4. Снова в колхозе

Лето 55-го года у меня снова, как и после первого курса, началось с двухнедельной поездки в колхоз. Всю весеннюю сессию я довольно уверенно сдал на отлично, так что настроение было хорошее. Выехали мы в колхоз 1 июля. За день до этого у меня много времени ушло на то, чтобы договориться о транспорте. И косвенным результатом этих переговоров явилась такая забавная ситуация. Я сидел на телефоне в университетском комитете комсомола, дозванивался до колхоза, куда мы должны ехать. В это время туда зашел секретарь комитета, поискал своего заместителя, никого не нашел и попросил меня вместо него пойти в качестве представителя университета в Летний театр в Парк культуры на вечер московских студентов, посвященный окончанию учебного года. Пригласительный билет, который он мне дал, оказался в президиум, и во время торжественной части мне действительно пришлось сидеть в президиуме вместе с министром высшего образования Елютиным и еще каким-то начальством.

Для поездки в колхоз нам не удалось достать автобус. Дали нам только открытый грузовик, в кузове которого были установлены скамейки. На нем мы доехали до деревни Клементьево в том же Можайском районе, в котором работали и прошлым летом. На этот раз у нас было две бригады – моя, в которой было несколько человек из моей группы и математики из других групп, и бригада, состоящая целиком из астрономов со своим бригадиром Жорой Христофоровым. Но фактически мы были единой бригадой, и с Жорой мы без труда согласовывали все общие дела. Отделение астрономии входило в состав нашего факультета до следующего, 1956 года, когда оно вместе с астрономическим институтом (ГАИШ) было переведено на физфак. С нашими астрономами я до этого был мало знаком, так что только в колхозе познакомился поближе. Нас сразу всех вместе поселили на чердаке какого-то амбара. Там и спали на полу в рядок, на сене, у одной стенки – женская спальня, у другой – мужская. Так сложилось, что на меня легла обязанность рано утром будить обе бригады, и одна из наших девочек Галя Ким много лет спустя при встречах часто мне говорила, что при воспоминании об этом лете в колхозе у нее сразу в ушах раздается моя беспощадная команда «Подъем!»

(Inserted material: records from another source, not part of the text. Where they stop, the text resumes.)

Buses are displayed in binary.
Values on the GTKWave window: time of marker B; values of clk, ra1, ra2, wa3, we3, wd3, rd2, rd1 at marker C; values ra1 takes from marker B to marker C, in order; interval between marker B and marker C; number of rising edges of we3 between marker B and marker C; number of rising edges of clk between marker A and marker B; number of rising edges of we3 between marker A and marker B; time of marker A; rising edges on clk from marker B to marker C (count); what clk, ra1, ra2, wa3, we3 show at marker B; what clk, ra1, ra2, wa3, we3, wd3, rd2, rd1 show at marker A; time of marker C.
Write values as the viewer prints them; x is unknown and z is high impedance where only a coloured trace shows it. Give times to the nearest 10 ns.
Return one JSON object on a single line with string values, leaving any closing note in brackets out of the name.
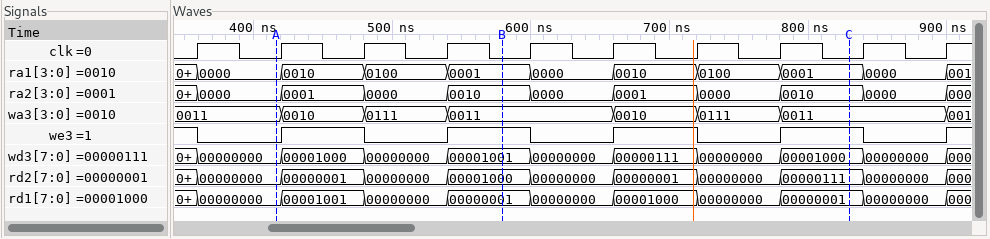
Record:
{"time of marker B": "580 ns", "values of clk, ra1, ra2, wa3, we3, wd3, rd2, rd1 at marker C": "clk=0, ra1=0001, ra2=0010, wa3=0011, we3=1, wd3=00001000, rd2=00000111, rd1=00000001", "values ra1 takes from marker B to marker C, in order": "0001, 0000, 0010, 0100, 0001", "interval between marker B and marker C": "250 ns", "number of rising edges of we3 between marker B and marker C": "2", "number of rising edges of clk between marker A and marker B": "3", "number of rising edges of we3 between marker A and marker B": "2", "time of marker A": "420 ns", "rising edges on clk from marker B to marker C": "4", "what clk, ra1, ra2, wa3, we3 show at marker B": "clk=0, ra1=0001, ra2=0010, wa3=0011, we3=1", "what clk, ra1, ra2, wa3, we3, wd3, rd2, rd1 show at marker A": "clk=0, ra1=0000, ra2=0000, wa3=0011, we3=0, wd3=00000000, rd2=00000000, rd1=00000000", "time of marker C": "830 ns"}
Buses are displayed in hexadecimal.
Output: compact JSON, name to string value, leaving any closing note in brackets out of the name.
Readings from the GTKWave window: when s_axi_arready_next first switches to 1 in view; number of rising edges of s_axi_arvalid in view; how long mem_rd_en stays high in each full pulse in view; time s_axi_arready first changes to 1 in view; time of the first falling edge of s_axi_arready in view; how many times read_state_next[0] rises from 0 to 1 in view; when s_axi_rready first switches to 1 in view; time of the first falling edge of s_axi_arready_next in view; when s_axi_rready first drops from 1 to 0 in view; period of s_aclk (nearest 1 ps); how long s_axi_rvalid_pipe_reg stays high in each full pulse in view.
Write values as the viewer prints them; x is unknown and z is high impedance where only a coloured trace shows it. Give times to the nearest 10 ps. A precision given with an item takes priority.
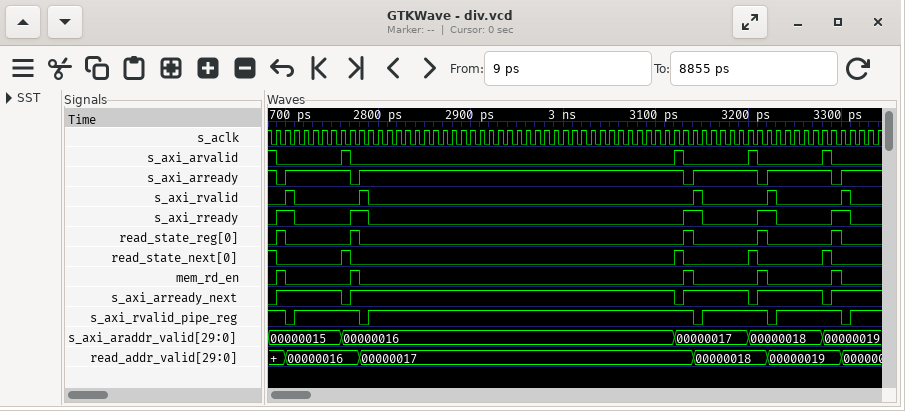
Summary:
{"when s_axi_arready_next first switches to 1 in view": "2690 ps", "number of rising edges of s_axi_arvalid in view": "4", "how long mem_rd_en stays high in each full pulse in view": "10 ps, 10 ps, 10 ps, 10 ps, 10 ps", "time s_axi_arready first changes to 1 in view": "2700 ps", "time of the first falling edge of s_axi_arready in view": "2690 ps", "how many times read_state_next[0] rises from 0 to 1 in view": "4", "when s_axi_rready first switches to 1 in view": "2690 ps", "time of the first falling edge of s_axi_arready_next in view": "2760 ps", "when s_axi_rready first drops from 1 to 0 in view": "2710 ps", "period of s_aclk": "10 ps", "how long s_axi_rvalid_pipe_reg stays high in each full pulse in view": "70 ps, 350 ps, 70 ps, 70 ps"}
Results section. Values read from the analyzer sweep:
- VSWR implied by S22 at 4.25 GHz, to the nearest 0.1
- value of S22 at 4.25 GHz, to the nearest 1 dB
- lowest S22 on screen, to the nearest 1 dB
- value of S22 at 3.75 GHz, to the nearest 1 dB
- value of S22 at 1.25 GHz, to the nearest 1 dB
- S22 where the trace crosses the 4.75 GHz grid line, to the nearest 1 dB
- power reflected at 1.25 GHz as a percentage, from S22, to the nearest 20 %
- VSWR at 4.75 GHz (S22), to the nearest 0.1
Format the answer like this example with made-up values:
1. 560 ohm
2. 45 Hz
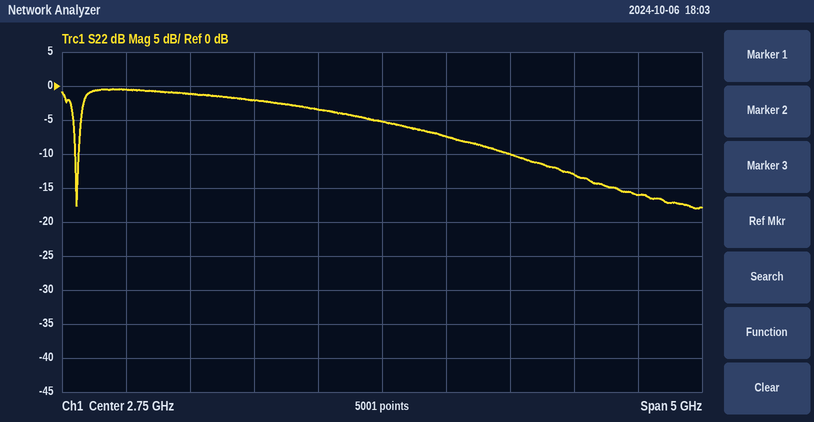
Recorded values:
1. 1.6
2. -13 dB
3. -18 dB
4. -10 dB
5. -1 dB
6. -16 dB
7. 80 %
8. 1.4
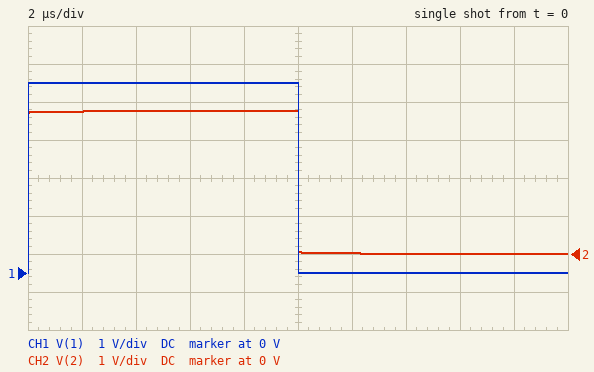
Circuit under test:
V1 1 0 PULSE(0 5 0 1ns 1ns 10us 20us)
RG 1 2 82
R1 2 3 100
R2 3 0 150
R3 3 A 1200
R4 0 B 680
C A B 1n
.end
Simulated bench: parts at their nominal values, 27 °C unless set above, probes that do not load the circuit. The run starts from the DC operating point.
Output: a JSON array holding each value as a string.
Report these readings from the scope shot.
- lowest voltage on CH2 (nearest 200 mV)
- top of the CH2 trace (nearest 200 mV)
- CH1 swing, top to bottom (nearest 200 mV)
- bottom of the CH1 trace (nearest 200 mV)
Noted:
["0 V", "3.8 V", "5.0 V", "0 V"]
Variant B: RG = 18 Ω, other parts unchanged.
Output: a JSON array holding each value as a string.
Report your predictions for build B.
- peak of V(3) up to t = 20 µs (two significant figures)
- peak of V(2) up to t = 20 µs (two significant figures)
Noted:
["2.8 V", "4.7 V"]
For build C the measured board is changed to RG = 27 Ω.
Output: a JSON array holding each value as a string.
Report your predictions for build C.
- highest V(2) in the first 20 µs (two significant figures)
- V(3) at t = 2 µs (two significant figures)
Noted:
["4.5 V", "2.7 V"]
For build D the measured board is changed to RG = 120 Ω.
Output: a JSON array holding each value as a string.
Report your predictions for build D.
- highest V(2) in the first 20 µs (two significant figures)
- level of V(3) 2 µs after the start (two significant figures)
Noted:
["3.4 V", "2.0 V"]
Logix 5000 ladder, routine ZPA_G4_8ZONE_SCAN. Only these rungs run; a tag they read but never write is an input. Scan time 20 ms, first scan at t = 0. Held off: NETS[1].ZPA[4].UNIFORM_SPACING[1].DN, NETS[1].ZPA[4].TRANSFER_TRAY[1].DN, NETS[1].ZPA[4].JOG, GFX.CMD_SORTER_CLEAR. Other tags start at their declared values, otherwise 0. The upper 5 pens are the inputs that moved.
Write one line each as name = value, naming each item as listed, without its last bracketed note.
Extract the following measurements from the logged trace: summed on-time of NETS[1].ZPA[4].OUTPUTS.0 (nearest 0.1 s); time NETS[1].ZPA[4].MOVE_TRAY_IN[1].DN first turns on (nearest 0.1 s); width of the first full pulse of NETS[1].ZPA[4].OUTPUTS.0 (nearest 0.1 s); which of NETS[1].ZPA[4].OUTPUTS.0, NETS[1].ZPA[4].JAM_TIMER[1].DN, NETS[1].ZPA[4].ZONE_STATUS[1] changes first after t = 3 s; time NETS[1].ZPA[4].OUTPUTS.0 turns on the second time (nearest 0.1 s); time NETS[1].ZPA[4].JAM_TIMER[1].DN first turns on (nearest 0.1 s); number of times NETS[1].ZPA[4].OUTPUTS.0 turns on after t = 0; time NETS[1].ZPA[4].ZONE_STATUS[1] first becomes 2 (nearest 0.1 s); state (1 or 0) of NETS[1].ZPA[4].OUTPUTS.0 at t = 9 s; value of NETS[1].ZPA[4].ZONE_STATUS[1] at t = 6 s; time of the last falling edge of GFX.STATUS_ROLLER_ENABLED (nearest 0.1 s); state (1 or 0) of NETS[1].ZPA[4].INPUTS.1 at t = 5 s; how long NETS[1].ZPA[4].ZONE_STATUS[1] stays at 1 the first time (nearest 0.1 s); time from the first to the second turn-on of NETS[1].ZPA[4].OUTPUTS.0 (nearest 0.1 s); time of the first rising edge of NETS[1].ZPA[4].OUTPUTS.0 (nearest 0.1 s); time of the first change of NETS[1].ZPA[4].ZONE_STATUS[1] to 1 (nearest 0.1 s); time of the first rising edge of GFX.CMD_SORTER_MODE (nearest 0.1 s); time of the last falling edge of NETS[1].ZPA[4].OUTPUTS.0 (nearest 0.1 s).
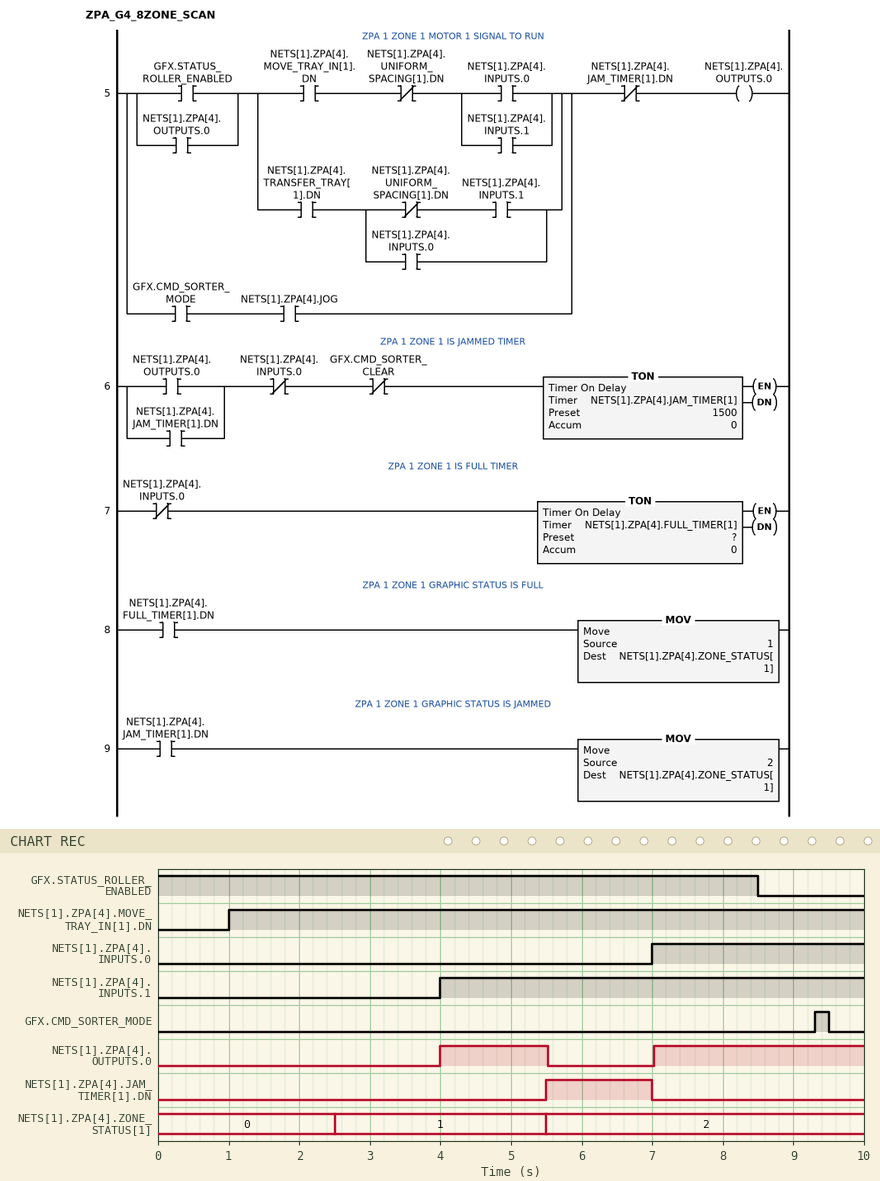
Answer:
summed on-time of NETS[1].ZPA[4].OUTPUTS.0 = 4.5 s
time NETS[1].ZPA[4].MOVE_TRAY_IN[1].DN first turns on = 1.0 s
width of the first full pulse of NETS[1].ZPA[4].OUTPUTS.0 = 1.5 s
which of NETS[1].ZPA[4].OUTPUTS.0, NETS[1].ZPA[4].JAM_TIMER[1].DN, NETS[1].ZPA[4].ZONE_STATUS[1] changes first after t = 3 s = NETS[1].ZPA[4].OUTPUTS.0
time NETS[1].ZPA[4].OUTPUTS.0 turns on the second time = 7.0 s
time NETS[1].ZPA[4].JAM_TIMER[1].DN first turns on = 5.5 s
number of times NETS[1].ZPA[4].OUTPUTS.0 turns on after t = 0 = 2
time NETS[1].ZPA[4].ZONE_STATUS[1] first becomes 2 = 5.5 s
state (1 or 0) of NETS[1].ZPA[4].OUTPUTS.0 at t = 9 s = 1
value of NETS[1].ZPA[4].ZONE_STATUS[1] at t = 6 s = 2
time of the last falling edge of GFX.STATUS_ROLLER_ENABLED = 8.5 s
state (1 or 0) of NETS[1].ZPA[4].INPUTS.1 at t = 5 s = 1
how long NETS[1].ZPA[4].ZONE_STATUS[1] stays at 1 the first time = 3.0 s
time from the first to the second turn-on of NETS[1].ZPA[4].OUTPUTS.0 = 3.0 s
time of the first rising edge of NETS[1].ZPA[4].OUTPUTS.0 = 4.0 s
time of the first change of NETS[1].ZPA[4].ZONE_STATUS[1] to 1 = 2.5 s
time of the first rising edge of GFX.CMD_SORTER_MODE = 9.3 s
time of the last falling edge of NETS[1].ZPA[4].OUTPUTS.0 = 5.5 s
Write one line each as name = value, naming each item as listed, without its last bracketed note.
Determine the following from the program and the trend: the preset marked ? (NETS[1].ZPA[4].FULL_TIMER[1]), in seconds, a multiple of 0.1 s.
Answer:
the preset marked ? (NETS[1].ZPA[4].FULL_TIMER[1]), in seconds, a multiple of 0.1 s = 2.5 s
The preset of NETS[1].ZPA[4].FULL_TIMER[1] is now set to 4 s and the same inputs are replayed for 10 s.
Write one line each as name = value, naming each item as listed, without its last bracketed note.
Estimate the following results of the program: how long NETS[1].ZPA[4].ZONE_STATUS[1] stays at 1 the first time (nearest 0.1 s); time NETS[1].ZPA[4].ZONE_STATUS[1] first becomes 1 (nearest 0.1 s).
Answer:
how long NETS[1].ZPA[4].ZONE_STATUS[1] stays at 1 the first time = 1.5 s
time NETS[1].ZPA[4].ZONE_STATUS[1] first becomes 1 = 4.0 s
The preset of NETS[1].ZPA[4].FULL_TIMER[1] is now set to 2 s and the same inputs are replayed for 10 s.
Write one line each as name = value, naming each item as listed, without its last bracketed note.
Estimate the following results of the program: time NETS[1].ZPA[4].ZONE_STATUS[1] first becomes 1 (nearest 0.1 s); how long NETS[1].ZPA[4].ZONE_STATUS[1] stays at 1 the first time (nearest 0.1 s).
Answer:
time NETS[1].ZPA[4].ZONE_STATUS[1] first becomes 1 = 2.0 s
how long NETS[1].ZPA[4].ZONE_STATUS[1] stays at 1 the first time = 3.5 s
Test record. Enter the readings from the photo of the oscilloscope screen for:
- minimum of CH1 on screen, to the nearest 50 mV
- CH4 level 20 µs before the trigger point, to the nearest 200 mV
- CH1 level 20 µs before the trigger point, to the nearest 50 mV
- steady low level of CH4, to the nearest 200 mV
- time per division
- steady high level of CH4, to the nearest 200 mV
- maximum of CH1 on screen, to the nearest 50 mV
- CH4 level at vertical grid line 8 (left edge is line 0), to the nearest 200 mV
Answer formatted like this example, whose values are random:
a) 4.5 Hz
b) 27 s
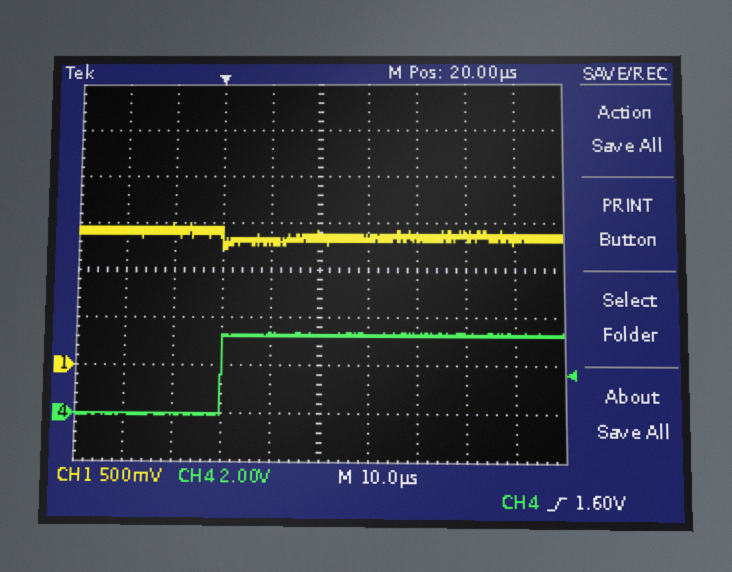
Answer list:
a) 1.20 V
b) 0.0 V
c) 1.40 V
d) 0.0 V
e) 10 µs
f) 3.2 V
g) 1.50 V
h) 3.2 V

Как и в прошлом году, работали мы в основном на уборке сена и на прополке. Эта наша поездка в колхоз понравилась мне больше прошлогодней. Сложилась более дружная компания, и жили мы повеселее. Во многом этому способствовала сплоченная группа астрономов. Они уже с первого курса были вместе. Среди них я особенно симпатизировал двоим подругам, с которыми часто общался. Одна из них, миниатюрная Мила, была старостой их группы. Мне нравилась ее манера с серьезным видом объяснять какие-нибудь очевидные вещи, и при этом было трудно понять, дурачится она или всерьез. Она была мерзлячка, и когда мы вечерами собирались и пели у костра, она жаловалась, что у нее замерзают ноги, и тогда мы с ней начинали под песни что-нибудь вытанцовывать. А ее подруга Альбина хорошо пела, но перед концертом, который мы запланировали на один из наших последних дней в колхозе, она слегка простудилась, и мы ее лечили горячим молоком.

В моей бригаде было несколько человек из моей учебной группы, в том числе Римма и Володя Кузьминов, с которым мы часто спорили на философские темы. Меня тогда все еще волновали навеянные чтением эпилога «Войны и мира» идеи о предопределенности всей нашей сознательной активности, о чем я уже писал раньше, в первой части книги. А Римма в нашей бригаде была моей главной надежной союзницей и была моим агентом влияния на девочек, которые иногда выражали недовольство тем, что мальчики им мало помогают на кухне. Римма была очень хозяйственной и даже считала, что девочки, в основном, сами могут справиться по кухне, но все же на дежурство я обычно назначал смешанные пары. Мы сами себе готовили обеды и все остальное из продуктов, выделенных колхозом. Иногда что-то докупали в магазине, особенно тогда, когда был повод что-то отпраздновать. Еще в первые дни нашей жизни в деревне мы отметили двадцатилетие Риммы. К этому юбилею мы присоединили день рождения Лени Бокутя, который, правда, до двадцатилетия еще не дорос, ему исполнилось только девятнадцать. Лишь намного позднее я узнал, что наш очень скромный улыбчивый Леня в детстве пережил страшные трагические события во время немецкой оккупации Белоруссии. Его мать, которая была еврейкой, сначала избежала концлагеря, скрываясь вместе с детьми в крестьянской избе родственников своего мужа-белоруса, отца Лени, а потом какой-то знакомый полицай ее выдал немцам, и она была расстреляна чуть ли не на глазах Лени. Кстати, и Леня, и Володя Кузьминов в будущем стали известными математиками и всю жизнь проработали в Новосибирском Академгородке.